When using the simplex optimizer it may be possible to reuse an existing solution and thereby reduce the solution time significantly. When a simplex optimizer starts from an existing solution it is said to perform a *warm-start*. If the user is solving a sequence of optimization problems by solving the problem, making modifications, and solving again, **MOSEK** will warm-start automatically.

By default **MOSEK** uses presolve when performing a warm-start. If the optimizer only needs very few iterations to find the optimal solution it may be better to turn off the presolve.

### 13.3.3.3 Numerical Difficulties in the Simplex Optimizers¶

Though **MOSEK** is designed to minimize numerical instability, completely avoiding it is impossible when working in finite precision. **MOSEK** treats a “numerically unexpected behavior” event inside the optimizer as a *set-back*. The user can define how many set-backs the optimizer accepts; if that number is exceeded, the optimization will be aborted. Set-backs are a way to escape long sequences where the optimizer tries to recover from an unstable situation.

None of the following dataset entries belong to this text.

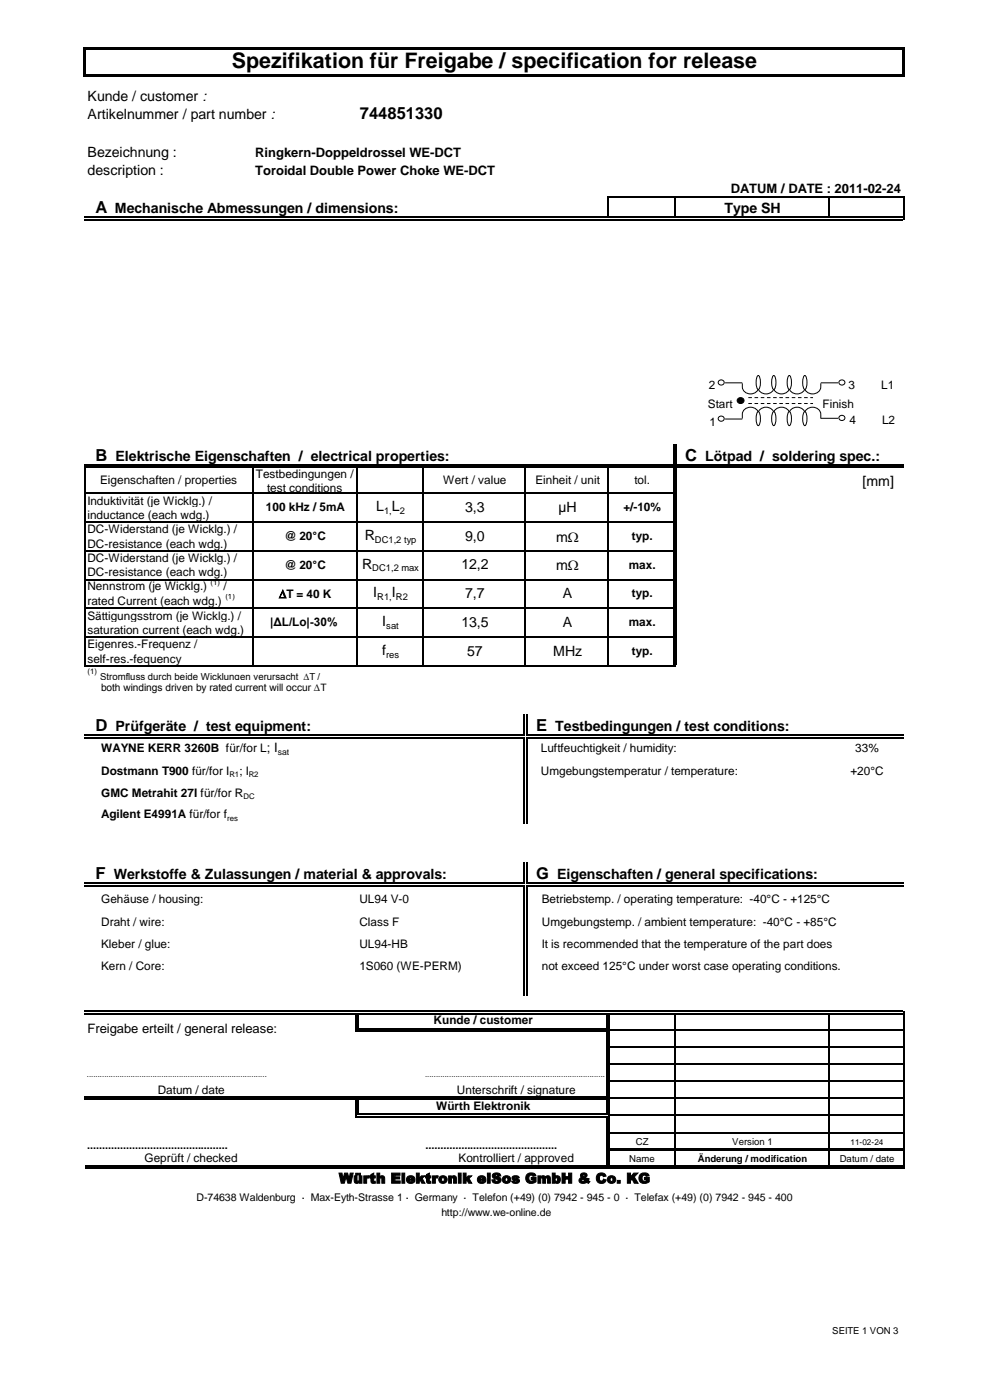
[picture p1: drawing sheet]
<svg xmlns="http://www.w3.org/2000/svg" width="210mm" height="297mm" viewBox="0 0 210 297" stroke-linecap="round" stroke-linejoin="round" font-family="sans-serif">
<defs><g id="words">
<text font-size="4.5" x="49.2" y="14.5">Spezifikation für Freigabe / specification for release</text>
<g font-size="3.5">
<text x="76.3" y="25.2">744851330</text>
<text x="20.3" y="45.2">A</text>
<text x="20.3" y="97.8">B</text>
<text x="145.4" y="97.8">C</text>
<text x="20.3" y="155.1">D</text>
<text x="113.7" y="155.1">E</text>
<text x="20.3" y="186.5">F</text>
<text x="113.7" y="186.5">G</text>
</g>
<g font-size="3">
<text x="18.6" y="21.4">Kunde / customer :</text>
<text x="18.6" y="25.2">Artikelnummer / part number :</text>
<text x="18.6" y="33.4">Bezeichnung :</text>
<text x="18.6" y="37.2">description :</text>
<text x="24.4" y="45.2">Mechanische Abmessungen / dimensions:</text>
<text x="153.7" y="45.2">Type SH</text>
<text x="24.5" y="97.8">Elektrische Eigenschaften / electrical properties:</text>
<text x="149.6" y="97.8">Lötpad / soldering spec.:</text>
<text x="182.9" y="103">[mm]</text>
<text x="79.8" y="108.4">L L</text>
<text x="98.7" y="108.6">3,3</text>
<text x="118.4" y="108.6">µH</text>
<text x="77.4" y="114.5">R</text>
<text x="98.7" y="114.7">9,0</text>
<text x="118" y="114.9">mW</text>
<text x="76.8" y="120.6">R</text>
<text x="97.8" y="120.8">12,2</text>
<text x="118" y="121">mW</text>
<text x="79.2" y="126.7">I</text>
<text x="83.1" y="126.7">I</text>
<text x="98.7" y="126.9">7,7</text>
<text x="119.4" y="126.9">A</text>
<text x="81.1" y="132.8">I</text>
<text x="97.8" y="133">13,5</text>
<text x="119.4" y="133">A</text>
<text x="81" y="138.9">f</text>
<text x="99.1" y="139.1">57</text>
<text x="117.3" y="139.1">MHz</text>
<text x="24.5" y="155.1">Prüfgeräte / test equipment:</text>
<text x="117.7" y="155.1">Testbedingungen / test conditions:</text>
<text x="24.1" y="186.5">Werkstoffe &amp; Zulassungen / material &amp; approvals:</text>
<text x="118.2" y="186.5">Eigenschaften / general specifications:</text>
<text x="71.9" y="251">Würth Elektronik eiSos GmbH &amp; Co. KG</text>
</g>
<g font-size="2.8">
<text x="54.1" y="33.2">Ringkern-Doppeldrossel WE-DCT</text>
<text x="54.1" y="37.2">Toroidal Double Power Choke WE-DCT</text>
<text x="155" y="40.9">DATUM / DATE : 2011-02-24</text>
<text x="18.5" y="219.2">Freigabe erteilt / general release:</text>
</g>
<g font-size="2.5">
<text x="150.3" y="82.6">2</text>
<text x="180" y="82.5">3</text>
<text x="186.9" y="82.5">L1</text>
<text x="150.1" y="86.5">Start</text>
<text x="174.5" y="86.5">Finish</text>
<text x="180.1" y="90">4</text>
<text x="187.1" y="90">L2</text>
<text x="150.5" y="90.3">1</text>
<text x="54.3" y="101.3">Testbedingungen /</text>
<text x="18.5" y="107.2">Induktivität (je Wicklg.) /</text>
<text x="21.3" y="102.7">Eigenschaften / properties</text>
<text x="56.6" y="104.4">test conditions</text>
<text x="94" y="102.6">Wert / value</text>
<text x="113.6" y="102.6">Einheit / unit</text>
<text x="134.6" y="102.6">tol.</text>
<text x="18.5" y="110.1">inductance (each wdg.)</text>
<text x="18.5" y="113.1">DC-Widerstand (je Wicklg.) /</text>
<text x="56.4" y="108.4">100 kHz / 5mA</text>
<text x="132.2" y="108.4">+/-10%</text>
<text x="18.5" y="116.2">DC-resistance (each wdg.)</text>
<text x="18.5" y="119.2">DC-Widerstand (je Wicklg.) /</text>
<text x="60.4" y="114.5">@ 20°C</text>
<text x="134" y="114.5">typ.</text>
<text x="18.5" y="122.3">DC-resistance (each wdg.)</text>
<text x="18.5" y="125.2">Nennstrom (je Wicklg.)</text>
<text x="47.4" y="125.2">/</text>
<text x="60.4" y="120.6">@ 20°C</text>
<text x="133.4" y="120.6">max.</text>
<text x="18.5" y="128.3">rated Current (each wdg.)</text>
<text x="18.5" y="131.5">Sättigungsstrom (je Wicklg.) /</text>
<text x="59.2" y="126.8">DT = 40 K</text>
<text x="134" y="126.7">typ.</text>
<text x="18.5" y="134.5">saturation current (each wdg.)</text>
<text x="18.5" y="137.6">Eigenres.-Frequenz /</text>
<text x="57.3" y="132.8">|ΔL/Lo|-30%</text>
<text x="133.4" y="132.8">max.</text>
<text x="18.5" y="140.6">self-res.-fequency</text>
<text x="134" y="138.9">typ.</text>
<text x="21.5" y="159.6">WAYNE KERR 3260B für/for L; I</text>
<text x="114.7" y="159.6">Luftfeuchtigkeit / humidity:</text>
<text x="181.4" y="159.6">33%</text>
<text x="21.5" y="164.4">Dostmann T900 für/for I</text>
<text x="50.8" y="164.4">; I</text>
<text x="114.7" y="164.4">Umgebungstemperatur / temperature:</text>
<text x="180.4" y="164.4">+20°C</text>
<text x="21.5" y="169">GMC Metrahit 27I für/for R</text>
<text x="21.5" y="173.6">Agilent E4991A für/for f</text>
<text x="21.5" y="191.6">Gehäuse / housing:</text>
<text x="76.2" y="191.6">UL94 V-0</text>
<text x="114.9" y="191.6">Betriebstemp. / operating temperature: -40°C - +125°C</text>
<text x="21.5" y="196.3">Draht / wire:</text>
<text x="76.2" y="196.3">Class F</text>
<text x="114.9" y="196.3">Umgebungstemp. / ambient temperature: -40°C - +85°C</text>
<text x="21.5" y="201">Kleber / glue:</text>
<text x="76.2" y="201">UL94-HB</text>
<text x="114.9" y="201">It is recommended that the temperature of the part does</text>
<text x="21.5" y="205.7">Kern / Core:</text>
<text x="76.2" y="205.7">1S060 (WE-PERM)</text>
<text x="114.9" y="205.7">not exceed 125°C under worst case operating conditions.</text>
<text x="92" y="217.3">Kunde / customer</text>
<text x="33.5" y="232">Datum / date</text>
<text x="96.9" y="232">Unterschrift / signature</text>
<text x="92.5" y="235.5">Würth Elektronik</text>
<text x="30.6" y="246.6">Geprüft / checked</text>
<text x="97.3" y="246.6">Kontrolliert / approved</text>
</g>
<g font-size="2.3">
<text x="18.5" y="243.6">...............................................</text>
<text x="90.2" y="243.6">............................................</text>
</g>
<g font-size="2.2">
<text x="21.4" y="146.6">both windings driven by rated current will occur ∆T</text>
<text x="41.7" y="254.8">D-74638 Waldenburg · Max-Eyth-Strasse 1 · Germany · Telefon (+49) (0) 7942 - 945 - 0 · Telefax (+49) (0) 7942 - 945 - 400</text>
<text x="93.6" y="257.9">http://www.we-online.de</text>
</g>
<g font-size="2">
<text x="81.5" y="109">1,</text>
<text x="84.8" y="109">2</text>
<text x="79.5" y="115.1">DC1,2 typ</text>
<text x="79" y="121.2">DC1,2 max</text>
<text x="80" y="127.3">R1, R2</text>
<text x="81.9" y="133.4">sat</text>
<text x="81.9" y="139.5">res</text>
<text x="21.3" y="144.3">Stromfluss durch beide Wicklungen verursacht ∆T /</text>
<text x="134.9" y="242.9">CZ</text>
<text x="155.3" y="242.9">Version 1</text>
<text x="133.5" y="246.6">Name</text>
<text x="148" y="246.6">Änderung / modification</text>
<text x="178.1" y="246.6">Datum / date</text>
<text x="176.5" y="282.9">SEITE 1 VON 3</text>
</g>
<text font-size="1.8" x="58.9" y="160.1">sat</text>
<g font-size="1.7">
<text x="44.7" y="124">(1)</text>
<text x="47.8" y="127.1">(1)</text>
<text x="18.5" y="143.1">(1)</text>
<text x="48.6" y="164.8">R1</text>
<text x="52.8" y="164.8">R2</text>
<text x="51.7" y="169.4">DC</text>
<text x="48.2" y="174.1">res</text>
<text x="18.4" y="228.5">..................................................................................</text>
<text x="90.1" y="228.5">..................................................................................</text>
<text x="180.4" y="242.9">11-02-24</text>
</g>
</g></defs>
<g fill="#000">
<path d="M17.8 10h.4v6.3h-.4z" fill-rule="evenodd"/>
<path d="M18.2 10h173.7v.4h-173.7z" fill-rule="evenodd"/>
<path d="M18.2 15.8h173.7v.5h-173.7z" fill-rule="evenodd"/>
<path d="M191.4 10.4h.5v5.9h-.5z" fill-rule="evenodd"/>
<path d="M142.7 99h.3v.2h-.3z" fill-rule="evenodd"/>
<path d="M142.7 98.5h.3v.2h-.3z" fill-rule="evenodd"/>
<path d="M142.7 98.5h.3v.2h-.3z" fill-rule="evenodd"/>
<path d="M142.7 99h.3v.2h-.3z" fill-rule="evenodd"/>
<path d="M143.2 98.5h.3v.2h-.3z" fill-rule="evenodd"/>
<path d="M143.2 99h.3v.2h-.3z" fill-rule="evenodd"/>
<path d="M143.2 98.5h.3v.2h-.3z" fill-rule="evenodd"/>
<path d="M143.2 99h.3v.2h-.3z" fill-rule="evenodd"/>
<path d="M111.1 156.3h.3v.3h-.3z" fill-rule="evenodd"/>
<path d="M111.1 155.9h.3v.2h-.3z" fill-rule="evenodd"/>
<path d="M111.1 155.9h.3v.2h-.3z" fill-rule="evenodd"/>
<path d="M111.1 156.3h.3v.3h-.3z" fill-rule="evenodd"/>
<path d="M111.6 155.9h.2v.2h-.2z" fill-rule="evenodd"/>
<path d="M111.6 156.3h.2v.3h-.2z" fill-rule="evenodd"/>
<path d="M111.6 155.9h.2v.2h-.2z" fill-rule="evenodd"/>
<path d="M111.6 156.3h.2v.3h-.2z" fill-rule="evenodd"/>
<path d="M111.1 187.7h.3v.3h-.3z" fill-rule="evenodd"/>
<path d="M111.1 187.3h.3v.2h-.3z" fill-rule="evenodd"/>
<path d="M111.1 187.3h.3v.2h-.3z" fill-rule="evenodd"/>
<path d="M111.1 187.7h.3v.3h-.3z" fill-rule="evenodd"/>
<path d="M111.6 187.3h.2v.2h-.2z" fill-rule="evenodd"/>
<path d="M111.6 187.7h.2v.3h-.2z" fill-rule="evenodd"/>
<path d="M111.6 187.3h.2v.2h-.2z" fill-rule="evenodd"/>
<path d="M111.6 187.7h.2v.3h-.2z" fill-rule="evenodd"/>
<path d="M75.3 214.9h.3v.2h-.3z" fill-rule="evenodd"/>
<path d="M75.3 214.4h.7v.3h-.7z" fill-rule="evenodd"/>
<path d="M75.3 214.9h.3v.2h-.3z" fill-rule="evenodd"/>
<path d="M75.3 218.5h.7v.3h-.7z" fill-rule="evenodd"/>
<path d="M75.3 218h.3v.8h-.3z" fill-rule="evenodd"/>
<path d="M75.8 214.9h.2v.2h-.2z" fill-rule="evenodd"/>
<path d="M75.8 214.9h.2v.2h-.2z" fill-rule="evenodd"/>
<path d="M75.8 218h.2v.3h-.2z" fill-rule="evenodd"/>
<path d="M75.8 218h.2v.3h-.2z" fill-rule="evenodd"/>
<path d="M128.7 214.9h.2v.2h-.2z" fill-rule="evenodd"/>
<path d="M128.7 214.9h.2v.2h-.2z" fill-rule="evenodd"/>
<path d="M128.7 218h.2v.3h-.2z" fill-rule="evenodd"/>
<path d="M128.7 218.5h.2v.3h-.2z" fill-rule="evenodd"/>
<path d="M128.7 214.4h.7v.3h-.7z" fill-rule="evenodd"/>
<path d="M128.7 218.5h.2v.3h-.2z" fill-rule="evenodd"/>
<path d="M128.7 218h.2v.3h-.2z" fill-rule="evenodd"/>
<path d="M129.1 214.9h.3v.2h-.3z" fill-rule="evenodd"/>
<path d="M129.1 218h.3v.8h-.3z" fill-rule="evenodd"/>
<path d="M129.1 214.9h.3v.2h-.3z" fill-rule="evenodd"/>
<path d="M75.3 233.1h.3v.2h-.3z" fill-rule="evenodd"/>
<path d="M75.3 232.6h.7v.3h-.7z" fill-rule="evenodd"/>
<path d="M75.3 233.1h.3v.2h-.3z" fill-rule="evenodd"/>
<path d="M75.3 236.7h.7v.3h-.7z" fill-rule="evenodd"/>
<path d="M75.3 236.3h.3v.7h-.3z" fill-rule="evenodd"/>
<path d="M75.8 233.1h.2v.2h-.2z" fill-rule="evenodd"/>
<path d="M75.8 233.1h.2v.2h-.2z" fill-rule="evenodd"/>
<path d="M75.8 236.3h.2v.2h-.2z" fill-rule="evenodd"/>
<path d="M75.8 236.3h.2v.2h-.2z" fill-rule="evenodd"/>
<path d="M128.7 232.6h.2v.3h-.2z" fill-rule="evenodd"/>
<path d="M128.7 233.1h.2v.2h-.2z" fill-rule="evenodd"/>
<path d="M128.7 236.3h.2v.2h-.2z" fill-rule="evenodd"/>
<path d="M128.7 236.7h.2v.3h-.2z" fill-rule="evenodd"/>
<path d="M128.7 232.6h.2v.3h-.2z" fill-rule="evenodd"/>
<path d="M128.7 233.1h.2v.2h-.2z" fill-rule="evenodd"/>
<path d="M128.7 236.7h.2v.3h-.2z" fill-rule="evenodd"/>
<path d="M128.7 236.3h.2v.2h-.2z" fill-rule="evenodd"/>
<path d="M129.1 232.6h.3v.7h-.3z" fill-rule="evenodd"/>
<path d="M129.1 236.3h.3v.7h-.3z" fill-rule="evenodd"/>
<path d="M128.7 247.2h.2v.2h-.2z" fill-rule="evenodd"/>
<path d="M128.7 247.2h.2v.2h-.2z" fill-rule="evenodd"/>
<path d="M128.7 247.6h.7v.3h-.7z" fill-rule="evenodd"/>
<path d="M129.1 247.2h.3v.2h-.3z" fill-rule="evenodd"/>
<path d="M129.1 247.2h.3v.2h-.3z" fill-rule="evenodd"/>
<path d="M129.4 243.7h62.4v.4h-62.4z" fill-rule="evenodd"/>
</g>
<g fill="none" stroke="#000" stroke-width=".25">
<path d="M18 46.1h173.5M18 46.6h173.5M129 41.7v4.3M129.1 41.8h62.7M143.1 41.9v4.1M175.8 41.9v4.1M191.6 41.9v4.8M18 98.5v42.9M18.1 98.6h124.6M18.1 99.1h124.6M53.6 99.2v42.2M75.7 99.2v42.2"/>
<path d="M89.7 99.2v42.2M111.4 99.2v42.2M129 99.2v42.2M142.9 94.2v4.3M142.9 99.2v41.9M143.3 94.2v4.3M143.3 99.2v41.9M143.5 98.6h48.2M143.5 99.1h48.2M18.1 104.7h124.6M18.1 110.8h124.6M18.1 116.9h124.6"/>
<path d="M18.1 123h124.6M18.1 129h124.6M18.1 135.1h124.6M18 156h93.1M18 156.4h93.1M18.1 141.2h125.4M111.2 151.6v4.3M111.2 156.6v18.1M111.7 151.6v4.3M111.7 156.6v18.1M111.8 156h79.9M111.8 156.4h79.9"/>
<path d="M18 187.4h93.1M18 187.9h93.1M111.2 182.9v4.4M111.2 188v23.1M111.7 182.9v4.4M111.7 188v23.1M111.8 187.4h79.9M111.8 187.9h79.9M18 214.5h57.3M18 215h57.3M75.5 215.1v2.9M75.9 215.1v2.9"/>
<path d="M76 214.5h52.7M76 215h52.7M76 218.2h52.7M76 218.6h52.7M128.8 215.1v2.9M128.8 218.8v13.8M129.3 215.1v2.9M129.3 218.8v13.8M129.4 214.5h62.1M129.4 215h62.1M129.4 218.4h62.4M143.1 215.1v28.6"/>
<path d="M175.8 215.1v28.6M191.6 214.4v29.3M18 232.7h57.3M18 233.2h57.3M75.5 233.3v3M75.9 233.3v3M76 232.7h52.7M76 233.2h52.7M76 236.4h52.7M76 236.8h52.7M128.8 233.3v3M128.8 237v10.2"/>
<path d="M129.3 233.3v3M129.3 237v10.2M129.4 222h62.4M129.4 225.7h62.4M129.4 229.3h62.4M129.4 233h62.4M129.4 236.6h62.4M18 247.3h110.7M18 247.8h110.7M129.4 247.3h62.1M129.4 247.8h62.1M129.4 240.2h62.4"/>
<path d="M143.1 244.1v3.1M175.8 244.1v3.1M191.6 244.1v3.8"/>
</g>
<path d="M158 86.8a1.8 1.8 0 0 1 2.9 1.1v1.5h-3.5l.1-1.9z" fill-rule="evenodd" fill="#fff"/>
<path d="M158 86.8a1.8 1.8 0 0 1 2.9 1.1v1.5h-3.5l.1-1.9z" fill="none" stroke="#000" stroke-width=".21"/>
<path d="M161.2 86.8a1.8 1.8 0 0 1 3 1.1v1.5h-3.5l.1-1.9z" fill-rule="evenodd" fill="#fff"/>
<path d="M161.2 86.8a1.8 1.8 0 0 1 3 1.1v1.5h-3.5l.1-1.9z" fill="none" stroke="#000" stroke-width=".21"/>
<path d="M154.5 83.9h25.8" fill="none" stroke="#fff" stroke-width="1.5" stroke-linecap="butt"/>
<path d="M164.5 86.8a1.8 1.8 0 0 1 3 1.1v1.5h-3.5l.1-1.9z" fill-rule="evenodd" fill="#fff"/>
<path d="M164.5 86.8a1.8 1.8 0 0 1 3 1.1v1.5h-3.5l.1-1.9z" fill="none" stroke="#000" stroke-width=".21"/>
<path d="M167.8 86.8a1.8 1.8 0 0 1 3 1.1v1.5h-3.5l.1-1.9z" fill-rule="evenodd" fill="#fff"/>
<path d="M167.8 86.8a1.8 1.8 0 0 1 3 1.1v1.5h-3.5l.1-1.9z" fill="none" stroke="#000" stroke-width=".21"/>
<path d="M171.1 86.8a1.8 1.8 0 0 1 3 1.1v1.5h-3.5l.1-1.9z" fill-rule="evenodd" fill="#fff"/>
<path d="M171.1 86.8a1.8 1.8 0 0 1 3 1.1v1.5h-3.5l.1-1.9z" fill="none" stroke="#000" stroke-width=".21"/>
<path d="M155.1 89.4h21.2" fill="none" stroke="#fff" stroke-width="1.1" stroke-linecap="butt"/>
<path d="M160.6 87.4l.2-.1a2.64 2.64 0 0 1 0 3 2.71 2.71 0 0 1-.2-2.9z" fill-rule="evenodd" fill="#fff"/>
<path d="M160.6 87.4l.2-.1a2.64 2.64 0 0 1 0 3 2.71 2.71 0 0 1-.2-2.9z" fill="none" stroke="#000" stroke-width=".21"/>
<path d="M163.9 87.4l.2-.1a2.64 2.64 0 0 1 0 3 2.71 2.71 0 0 1-.2-2.9z" fill-rule="evenodd" fill="#fff"/>
<path d="M163.9 87.4l.2-.1a2.64 2.64 0 0 1 0 3 2.71 2.71 0 0 1-.2-2.9z" fill="none" stroke="#000" stroke-width=".21"/>
<path d="M167.2 87.4l.2-.1a2.66 2.66 0 0 1 0 3 2.69 2.69 0 0 1-.2-2.9z" fill-rule="evenodd" fill="#fff"/>
<path d="M167.2 87.4l.2-.1a2.66 2.66 0 0 1 0 3 2.69 2.69 0 0 1-.2-2.9z" fill="none" stroke="#000" stroke-width=".21"/>
<path d="M170.5 87.4l.2-.1a2.66 2.66 0 0 1 0 3 2.69 2.69 0 0 1-.2-2.9z" fill-rule="evenodd" fill="#fff"/>
<path d="M170.5 87.4l.2-.1a2.66 2.66 0 0 1 0 3 2.69 2.69 0 0 1-.2-2.9z" fill="none" stroke="#000" stroke-width=".21"/>
<path d="M157.4 80.6h3.5v1.5a1.76 1.76 0 0 1-1.7 1.5 1.76 1.76 0 0 1-1.8-1.5z" fill-rule="evenodd" fill="#fff"/>
<path d="M157.4 80.6h3.5v1.5a1.76 1.76 0 0 1-1.7 1.5 1.76 1.76 0 0 1-1.8-1.5z" fill="none" stroke="#000" stroke-width=".21"/>
<path d="M160.7 80.6h3.5v1.5a1.76 1.76 0 0 1-1.7 1.5 1.76 1.76 0 0 1-1.8-1.5z" fill-rule="evenodd" fill="#fff"/>
<path d="M160.7 80.6h3.5v1.5a1.76 1.76 0 0 1-1.7 1.5 1.76 1.76 0 0 1-1.8-1.5z" fill="none" stroke="#000" stroke-width=".21"/>
<path d="M164 80.6h3.5v1.5a1.76 1.76 0 0 1-1.7 1.5 1.76 1.76 0 0 1-1.8-1.5z" fill-rule="evenodd" fill="#fff"/>
<path d="M164 80.6h3.5v1.5a1.76 1.76 0 0 1-1.7 1.5 1.76 1.76 0 0 1-1.8-1.5z" fill="none" stroke="#000" stroke-width=".21"/>
<path d="M167.3 80.6h3.5v1.5a1.76 1.76 0 0 1-1.7 1.5 1.76 1.76 0 0 1-1.8-1.5z" fill-rule="evenodd" fill="#fff"/>
<path d="M167.3 80.6h3.5v1.5a1.76 1.76 0 0 1-1.7 1.5 1.76 1.76 0 0 1-1.8-1.5z" fill="none" stroke="#000" stroke-width=".21"/>
<path d="M170.6 80.6h3.5v1.5a1.76 1.76 0 0 1-1.8 1.5 1.76 1.76 0 0 1-1.7-1.5z" fill-rule="evenodd" fill="#fff"/>
<path d="M170.6 80.6h3.5v1.5a1.76 1.76 0 0 1-1.8 1.5 1.76 1.76 0 0 1-1.7-1.5z" fill="none" stroke="#000" stroke-width=".21"/>
<path d="M155.1 80.7h21.2" fill="none" stroke="#fff" stroke-width="1.1" stroke-linecap="butt"/>
<path d="M160.6 79.8l.2-.2a2.64 2.64 0 0 1 0 3 2.71 2.71 0 0 1-.2-2.8z" fill-rule="evenodd" fill="#fff"/>
<path d="M160.6 79.8l.2-.2a2.64 2.64 0 0 1 0 3 2.71 2.71 0 0 1-.2-2.8z" fill="none" stroke="#000" stroke-width=".21"/>
<path d="M163.9 79.8l.2-.2a2.64 2.64 0 0 1 0 3 2.71 2.71 0 0 1-.2-2.8z" fill-rule="evenodd" fill="#fff"/>
<path d="M163.9 79.8l.2-.2a2.64 2.64 0 0 1 0 3 2.71 2.71 0 0 1-.2-2.8z" fill="none" stroke="#000" stroke-width=".21"/>
<path d="M167.2 79.8l.2-.2a2.66 2.66 0 0 1 0 3 2.7 2.7 0 0 1-.2-2.8z" fill-rule="evenodd" fill="#fff"/>
<path d="M167.2 79.8l.2-.2a2.66 2.66 0 0 1 0 3 2.7 2.7 0 0 1-.2-2.8z" fill="none" stroke="#000" stroke-width=".21"/>
<path d="M170.5 79.8l.2-.2a2.66 2.66 0 0 1 0 3 2.7 2.7 0 0 1-.2-2.8z" fill-rule="evenodd" fill="#fff"/>
<g fill="none" stroke="#000" stroke-width=".21">
<path d="M170.5 79.8l.2-.2a2.66 2.66 0 0 1 0 3 2.7 2.7 0 0 1-.2-2.8zM153.8 81.2h3.6M153.8 88.9h3.6M174.1 81.2h3.6M174.1 88.7h3.6"/>
<circle cx="157" cy="85" r=".69"/>
</g>
<path d="M158.7 84.3h13.7M158.7 85.6h13.7" fill="none" stroke="#000" stroke-width=".21" stroke-dasharray=".8 .6" stroke-linecap="butt"/>
<circle cx="157" cy="85" r=".69" fill="#000"/>
<circle cx="152.9" cy="88.8" r=".6" fill="#fff"/>
<circle cx="152.9" cy="88.8" r=".6" fill="none" stroke="#000" stroke-width=".21"/>
<circle cx="152.9" cy="81.2" r=".6" fill="#fff"/>
<circle cx="152.9" cy="81.2" r=".6" fill="none" stroke="#000" stroke-width=".21"/>
<circle cx="178.5" cy="81.2" r=".61" fill="#fff"/>
<circle cx="178.5" cy="81.2" r=".61" fill="none" stroke="#000" stroke-width=".21"/>
<circle cx="178.5" cy="88.7" r=".61" fill="#fff"/>
<circle cx="178.5" cy="88.7" r=".61" fill="none" stroke="#000" stroke-width=".21"/>
<use href="#words"/>
</svg>

Examples of set-backs are: repeated singularities when factorizing the basis matrix, repeated loss of feasibility, degeneracy problems (no progress in objective) and other events indicating numerical difficulties. If the simplex optimizer encounters a lot of set-backs the problem is usually badly scaled; in such a situation try to reformulate it into a better scaled problem. Then, if a lot of set-backs still occur, trying one or more of the following suggestions may be worthwhile:

- Raise tolerances for allowed primal or dual feasibility: increase the value of
- Raise or lower pivot tolerance: Change the
`dparam.simplex_abs_tol_piv`

parameter. - Switch optimizer: Try another optimizer.
- Switch off crash: Set both
`iparam.sim_primal_crash`

and`iparam.sim_dual_crash`

to 0. - Experiment with other pricing strategies: Try different values for the parameters
- If you are using warm-starts, in rare cases switching off this feature may improve stability. This is controlled by the
`iparam.sim_hotstart`

parameter. - Increase maximum number of set-backs allowed controlled by
`iparam.sim_max_num_setbacks`

. - If the problem repeatedly becomes infeasible try switching off the special degeneracy handling. See the parameter
`iparam.sim_degen`

for details.

### 13.3.3.4 The Simplex Log¶

Below is a typical log output from the simplex optimizer:

```
Optimizer - solved problem : the primal
Optimizer - Constraints : 667
Optimizer - Scalar variables : 1424 conic : 0
Optimizer - hotstart : no
ITER DEGITER(%) PFEAS DFEAS POBJ DOBJ TIME TOTTIME
0 0.00 1.43e+05 NA 6.5584140832e+03 NA 0.00 0.02
1000 1.10 0.00e+00 NA 1.4588289726e+04 NA 0.13 0.14
2000 0.75 0.00e+00 NA 7.3705564855e+03 NA 0.21 0.22
3000 0.67 0.00e+00 NA 6.0509727712e+03 NA 0.29 0.31
4000 0.52 0.00e+00 NA 5.5771203906e+03 NA 0.38 0.39
4533 0.49 0.00e+00 NA 5.5018458883e+03 NA 0.42 0.44
```

The first lines summarize the problem the optimizer is solving. This is followed by the iteration log, with the following meaning:

`ITER`

: Number of iterations.`DEGITER(%)`

: Ratio of degenerate iterations.`PFEAS`

: Primal feasibility measure reported by the simplex optimizer. The numbers should be 0 if the problem is primal feasible (when the primal variant is used).`DFEAS`

: Dual feasibility measure reported by the simplex optimizer. The number should be 0 if the problem is dual feasible (when the dual variant is used).`POBJ`

: An estimate for the primal objective value (when the primal variant is used).`DOBJ`

: An estimate for the dual objective value (when the dual variant is used).`TIME`

: Time spent since this instance of the simplex optimizer was invoked (in seconds).`TOTTIME`

: Time spent since optimization started (in seconds).